### Task to complete
Only the final stretch of lines is needed: output exactly the line containing "What single 3D" and all lines following it in the listing below.

═══ Input for this task

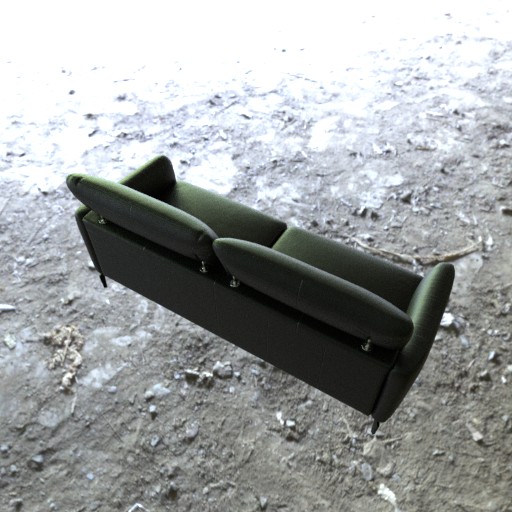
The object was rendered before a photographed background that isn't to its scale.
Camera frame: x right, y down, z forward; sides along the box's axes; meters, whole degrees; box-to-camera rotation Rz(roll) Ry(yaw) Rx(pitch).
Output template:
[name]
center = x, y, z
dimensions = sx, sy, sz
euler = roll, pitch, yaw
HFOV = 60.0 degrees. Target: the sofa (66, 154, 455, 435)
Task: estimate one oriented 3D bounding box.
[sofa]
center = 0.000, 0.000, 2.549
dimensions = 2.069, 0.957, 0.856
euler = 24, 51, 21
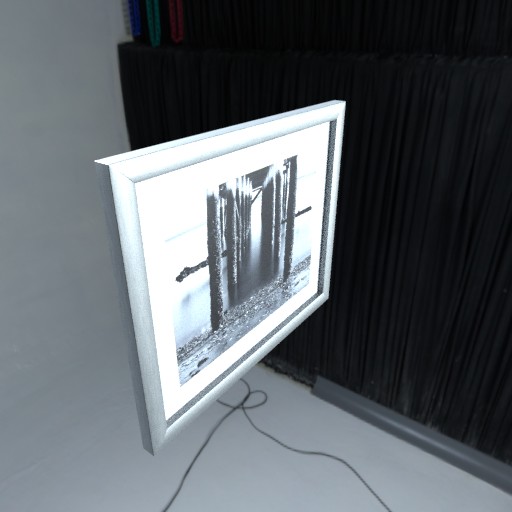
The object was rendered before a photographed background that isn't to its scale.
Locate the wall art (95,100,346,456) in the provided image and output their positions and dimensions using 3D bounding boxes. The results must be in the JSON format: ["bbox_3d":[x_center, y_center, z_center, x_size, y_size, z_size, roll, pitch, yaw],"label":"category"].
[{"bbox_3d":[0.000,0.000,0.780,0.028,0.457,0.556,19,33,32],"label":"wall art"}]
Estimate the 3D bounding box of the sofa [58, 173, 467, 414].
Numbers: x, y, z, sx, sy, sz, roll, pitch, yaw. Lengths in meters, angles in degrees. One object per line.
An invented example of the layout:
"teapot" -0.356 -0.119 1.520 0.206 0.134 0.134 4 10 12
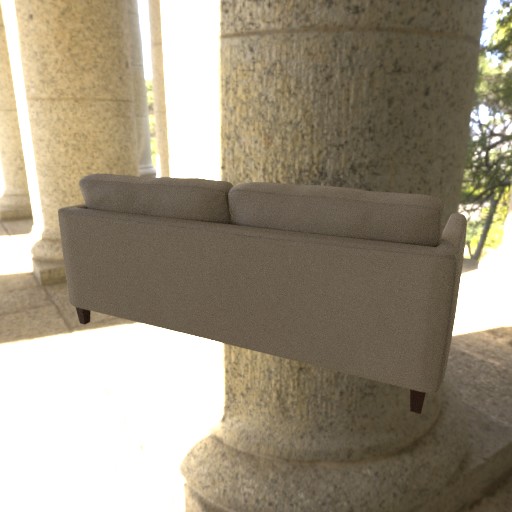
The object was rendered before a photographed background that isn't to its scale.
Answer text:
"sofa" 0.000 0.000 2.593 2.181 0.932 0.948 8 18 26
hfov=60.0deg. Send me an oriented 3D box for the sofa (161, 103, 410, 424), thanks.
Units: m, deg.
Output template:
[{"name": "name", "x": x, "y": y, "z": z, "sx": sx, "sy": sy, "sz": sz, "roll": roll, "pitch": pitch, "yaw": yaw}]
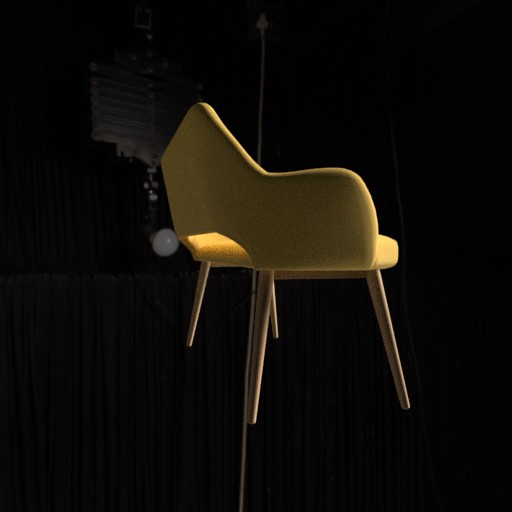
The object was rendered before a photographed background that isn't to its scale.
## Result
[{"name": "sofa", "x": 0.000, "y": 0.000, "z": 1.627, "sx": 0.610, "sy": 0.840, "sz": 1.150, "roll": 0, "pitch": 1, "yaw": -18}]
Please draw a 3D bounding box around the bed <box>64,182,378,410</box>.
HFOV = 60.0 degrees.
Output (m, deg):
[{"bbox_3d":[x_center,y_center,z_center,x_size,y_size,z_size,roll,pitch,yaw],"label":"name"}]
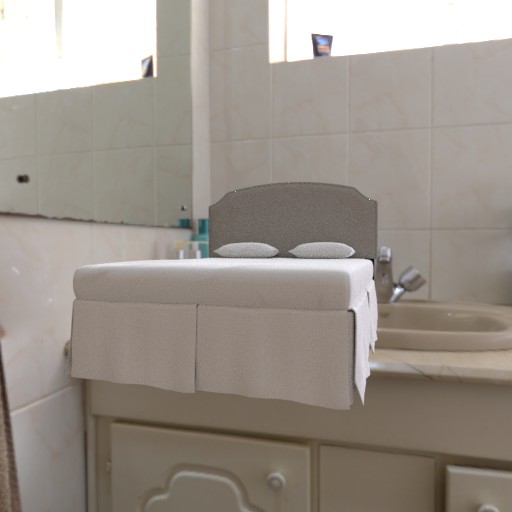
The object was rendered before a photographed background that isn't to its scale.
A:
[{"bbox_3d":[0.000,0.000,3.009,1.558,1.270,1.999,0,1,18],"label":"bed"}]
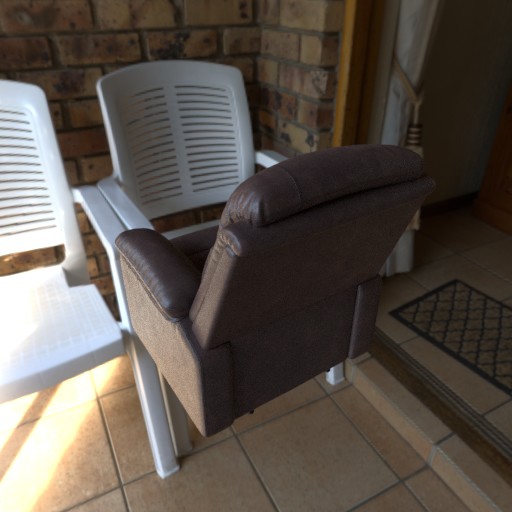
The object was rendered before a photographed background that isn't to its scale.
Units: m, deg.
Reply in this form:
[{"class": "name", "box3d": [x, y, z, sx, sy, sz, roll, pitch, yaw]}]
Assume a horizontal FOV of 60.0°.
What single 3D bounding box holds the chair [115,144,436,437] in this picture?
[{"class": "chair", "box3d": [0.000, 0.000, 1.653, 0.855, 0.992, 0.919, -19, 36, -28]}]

══════

### Exercise result
What single 3D bounding box holds the chair [115,144,436,437] in this picture?
[{"class": "chair", "box3d": [0.000, 0.000, 1.653, 0.855, 0.992, 0.919, -19, 36, -28]}]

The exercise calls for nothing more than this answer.